_PROBLEM STATEMENT_
Restate all of the records below exactly. Do not carry over any image.

(Records from a collection)
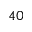Convert formula to latex. <formula><loc_0><loc_0><loc_500><loc_500>^ { 4 0 }</formula> 
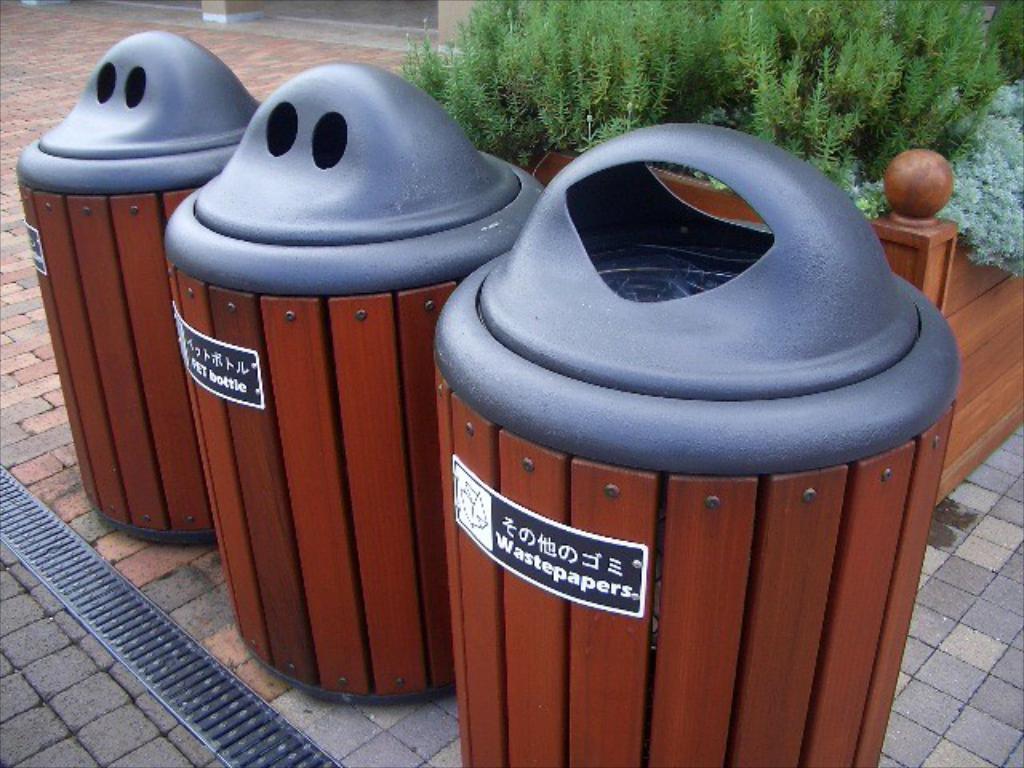What does a container hold?
Provide a succinct answer. Wastepapers. What should be placed in the middle bin?
Your answer should be compact. Bottle. 
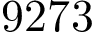<formula> <loc_0><loc_0><loc_500><loc_500>9 2 7 3</formula> 
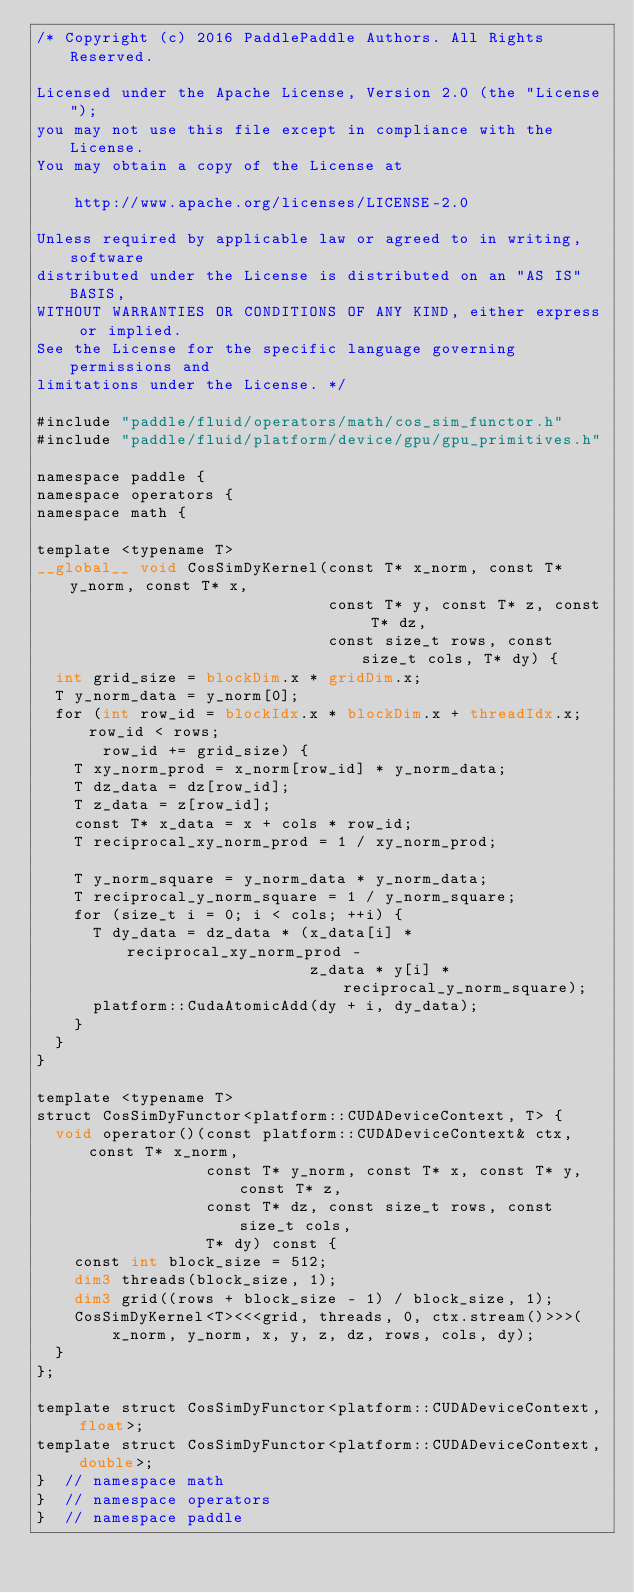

_YOUR RESPONSE_
Convert formula to latex. <formula><loc_0><loc_0><loc_500><loc_500>^ { 4 0 }</formula> 
What does a container hold?
Provide a succinct answer. Wastepapers. What should be placed in the middle bin?
Your answer should be compact. Bottle. 
<formula> <loc_0><loc_0><loc_500><loc_500>9 2 7 3</formula> 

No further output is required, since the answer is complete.